Exemplarisch is het volgende (geanonimiseerde) citaat uit de notulen van een overleg met de cliëntenraad in een grote gemeente:
Het onderwerp Beleidskader Werk en Reïntegratie komt helaas te vervallen. De dienst zou voor dit punt een spreker leveren, maar heeft op het allerlaatst aangegeven dat niemand beschikbaar is. Omdat het beleidskader geagendeerd is in de komende raadscommissie, zal het niet meer lukken de cliëntenraad nog op dit punt te informeren vóór de raadscommissie. De dienst heeft aangeboden eventuele vragen telefonisch te beantwoorden.
Even verderop in de notulen concludeert de (onafhankelijke) voorzitter dat de cliëntenraad blijkbaar niet helemaal serieus wordt genomen....

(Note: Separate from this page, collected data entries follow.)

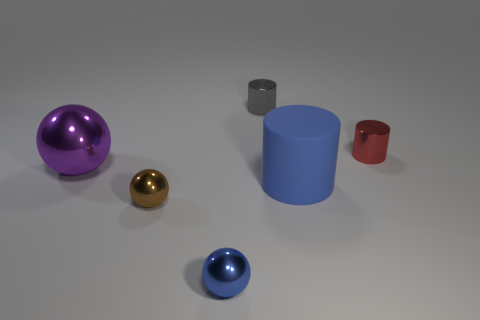What number of red rubber things are the same size as the purple shiny thing?
Your answer should be very brief. 0. Is the large thing right of the large purple sphere made of the same material as the cylinder that is behind the red cylinder?
Give a very brief answer. No. Is there any other thing that has the same shape as the gray shiny thing?
Offer a terse response. Yes. What color is the big sphere?
Your answer should be very brief. Purple. How many large blue objects are the same shape as the gray metallic thing?
Your answer should be very brief. 1. What is the color of the other sphere that is the same size as the blue shiny ball?
Provide a short and direct response. Brown. Are there any small metallic cylinders?
Offer a terse response. Yes. What is the shape of the blue object that is on the right side of the tiny blue shiny object?
Ensure brevity in your answer.  Cylinder. How many objects are both on the right side of the brown metal sphere and on the left side of the tiny red metallic object?
Your answer should be compact. 3. Are there any large green cylinders that have the same material as the large blue object?
Provide a short and direct response. No. 
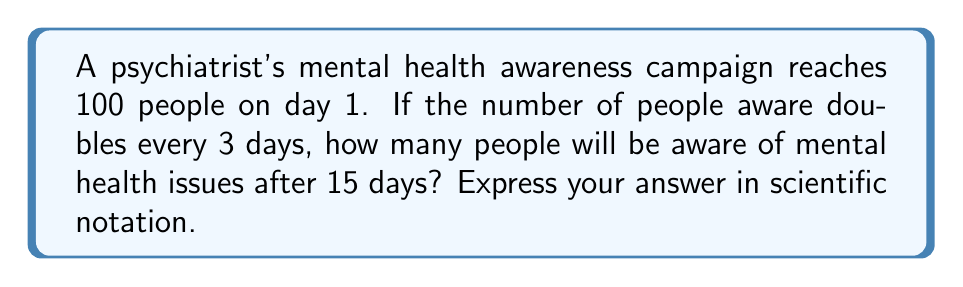Show me your answer to this math problem. Let's approach this step-by-step:

1) First, we need to identify the key components of the exponential growth model:
   - Initial value (a): 100 people
   - Growth factor (r): 2 (doubles every 3 days)
   - Time (t): 15 days

2) The general formula for exponential growth is:

   $$ P(t) = a \cdot r^{t/k} $$

   Where:
   - P(t) is the population at time t
   - a is the initial population
   - r is the growth factor
   - t is the time
   - k is the time interval for each growth

3) In this case, k = 3 because the population doubles every 3 days.

4) Plugging in our values:

   $$ P(15) = 100 \cdot 2^{15/3} $$

5) Simplify the exponent:

   $$ P(15) = 100 \cdot 2^5 $$

6) Calculate $2^5$:

   $$ P(15) = 100 \cdot 32 = 3200 $$

7) Convert to scientific notation:

   $$ P(15) = 3.2 \times 10^3 $$

Thus, after 15 days, 3200 people, or $3.2 \times 10^3$ in scientific notation, will be aware of mental health issues.
Answer: $3.2 \times 10^3$

In de eerste aanzet voor evaluatie van de Wwb door het ministerie van SZW met vertegenwoordigingen van cliëntenraden wordt deze complexiteit verwoord. In deze evaluatie wordt aangegeven dat het cliëntenraden niet altijd duidelijk is tot wie zij zich moeten richten: de raad, B&W, de portefeuillehouder of de ambtelijke organisatie. In een grote gemeente kan een cliëntenraad daarbij te maken hebben met vijf of zes bestuurslagen, van (beleids)ambtenaren tot en met het college en de raad.

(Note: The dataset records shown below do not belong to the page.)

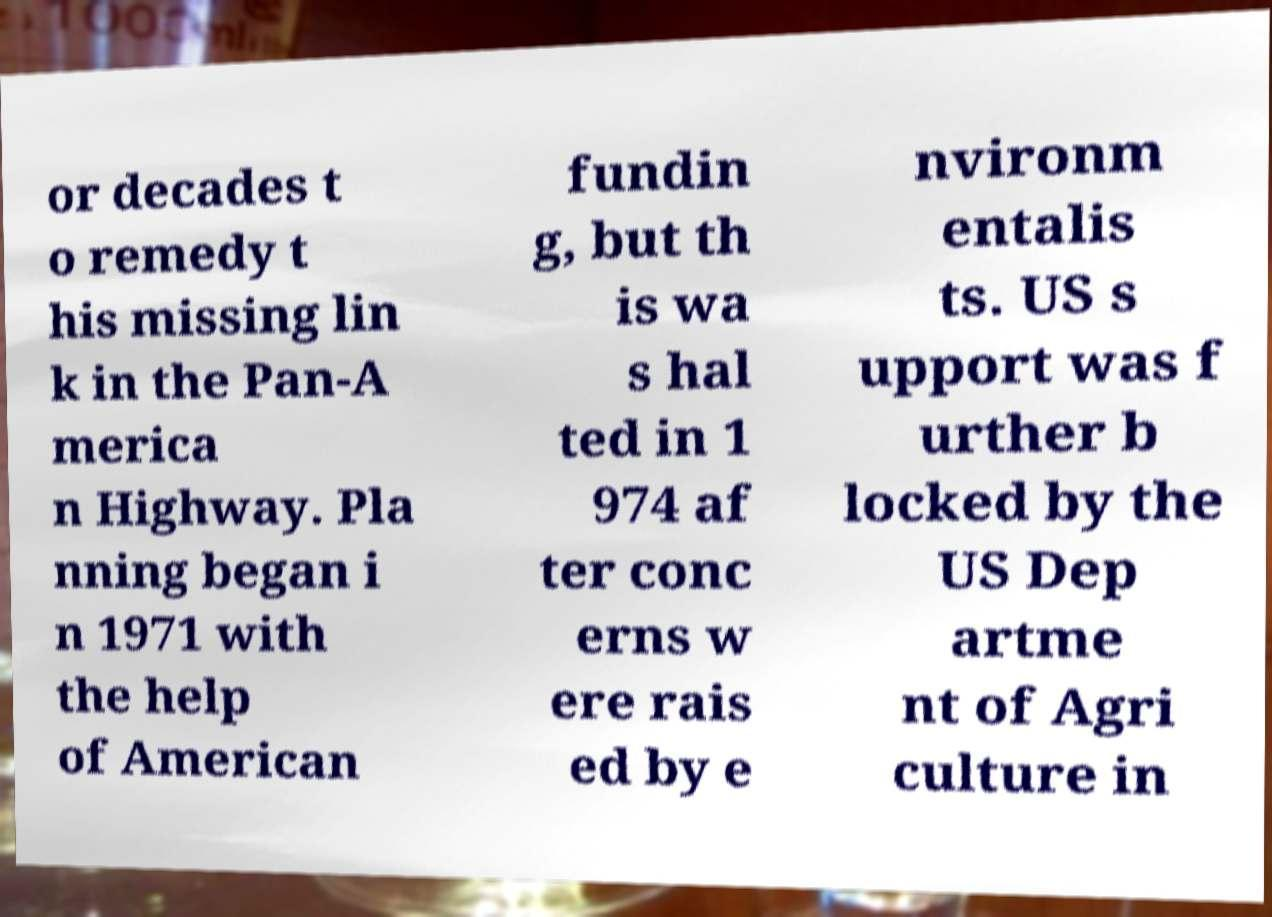Could you extract and type out the text from this image? or decades t o remedy t his missing lin k in the Pan-A merica n Highway. Pla nning began i n 1971 with the help of American fundin g, but th is wa s hal ted in 1 974 af ter conc erns w ere rais ed by e nvironm entalis ts. US s upport was f urther b locked by the US Dep artme nt of Agri culture in 
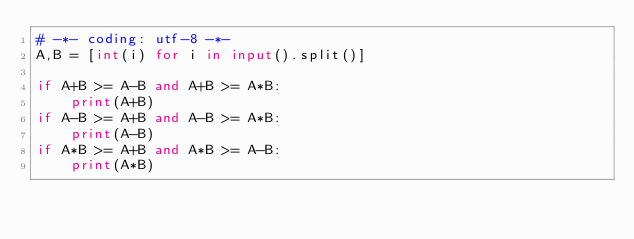<code> <loc_0><loc_0><loc_500><loc_500><_Python_># -*- coding: utf-8 -*-
A,B = [int(i) for i in input().split()]

if A+B >= A-B and A+B >= A*B:
    print(A+B)
if A-B >= A+B and A-B >= A*B:
    print(A-B)
if A*B >= A+B and A*B >= A-B:
    print(A*B)
</code> 
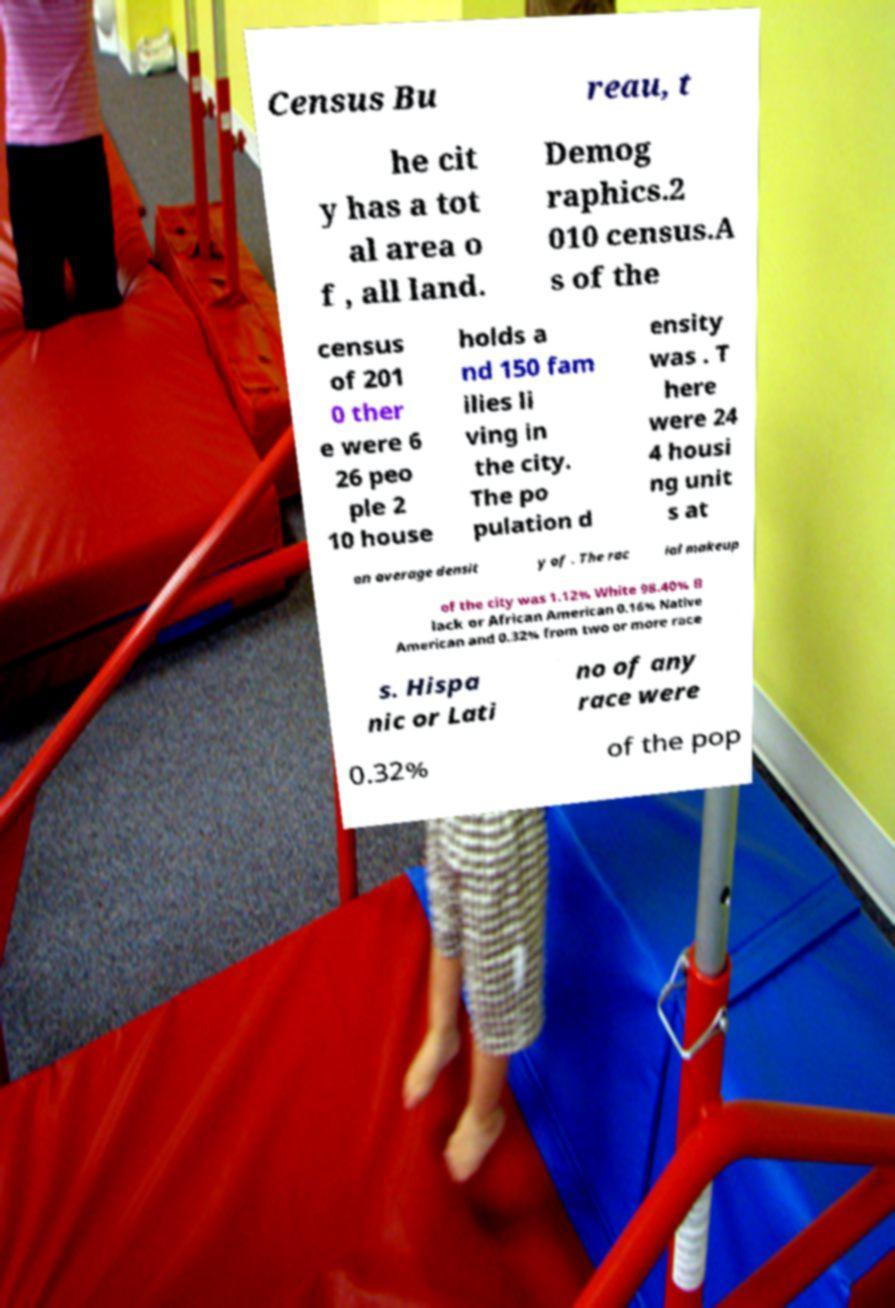Please identify and transcribe the text found in this image. Census Bu reau, t he cit y has a tot al area o f , all land. Demog raphics.2 010 census.A s of the census of 201 0 ther e were 6 26 peo ple 2 10 house holds a nd 150 fam ilies li ving in the city. The po pulation d ensity was . T here were 24 4 housi ng unit s at an average densit y of . The rac ial makeup of the city was 1.12% White 98.40% B lack or African American 0.16% Native American and 0.32% from two or more race s. Hispa nic or Lati no of any race were 0.32% of the pop

Een verdere consequentie is dat het risico bestaat dat de status van de overleggen op verschillende niveaus onduidelijk is: wanneer is iets ‘besproken’ met de cliëntenraad en wanneer is er sprake van een ‘advies’ van de cliëntenraad: als er iets is besproken met de betreffende ambtenaar of pas als er een raadsvoorstel ligt?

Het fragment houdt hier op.